2. Materials and Methods

2.1. Study Area and Forest Sites

This study was conducted in the southern part of the Moscow region (Russia), which is part of a boundary between the southern taiga and broad-leaved forest zone (Figure 1). The climate in the region is classified as temperate-continental, with a mean annual temperature of 5.7 °C and an annual precipitation of 640 mm for the period between 1991 and 2020 (current climatic norm). The mean monthly temperatures in July and January for the same period are 18.8 and −7.2 °C, respectively.
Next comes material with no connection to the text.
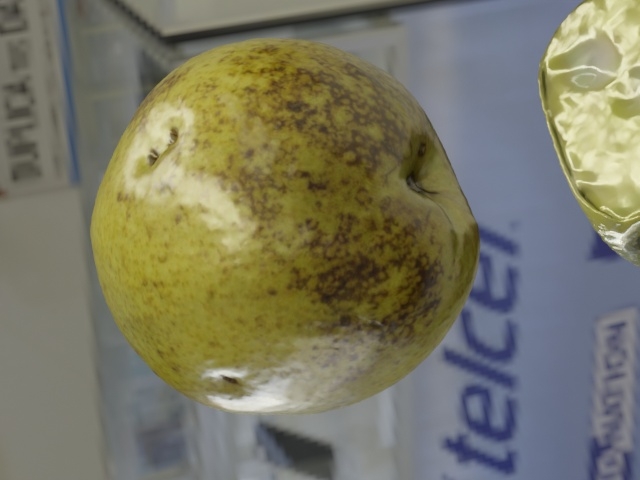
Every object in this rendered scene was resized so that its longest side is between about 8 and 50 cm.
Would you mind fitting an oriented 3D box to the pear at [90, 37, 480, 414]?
[{"bbox_3d":[-0.013,-0.006,1.019,0.197,0.197,0.197,169,90,-70],"label":"pear"}]

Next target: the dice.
[{"bbox_3d":[0.363,-0.118,1.887,0.238,0.227,0.233,-25,63,27],"label":"dice"}]

A permanent snow cover can appear from November to the middle of January and remains until the end of April.
The experiment was carried out in a mature mixed forest (MMF) located in the territory of Prioksko-Terrasny State Reserve (54°50′ N, 37°35′ E) and in a secondary deciduous forest (SDF) adjacent to the Experimental Field Station of the Institute of Physicochemical and Biological Problems of Soil Sciences of the Russian Academy of Sciences (54°20′ N, 37°37′ E). The soils of the studied sites were classified as Entic Podzol (Arenic) in the MMF and Haplic Luvisol (Siltic) in the SDF. The distance between the studied forest sites is about 7.5 km. The soils of the two experimental sites markedly differ in their content of organic carbon (C) and total nitrogen (N), the C to N ratio, and pH value (Table 1). They are also characterized by different values of water holding capacity (WHC), which is mainly due to the differences in soil texture and C content. The carbon stock in the litter of the MMF site is 5.8 ± 0.3 Mg C per ha, which is 2.4 times higher than in the SDF site [38].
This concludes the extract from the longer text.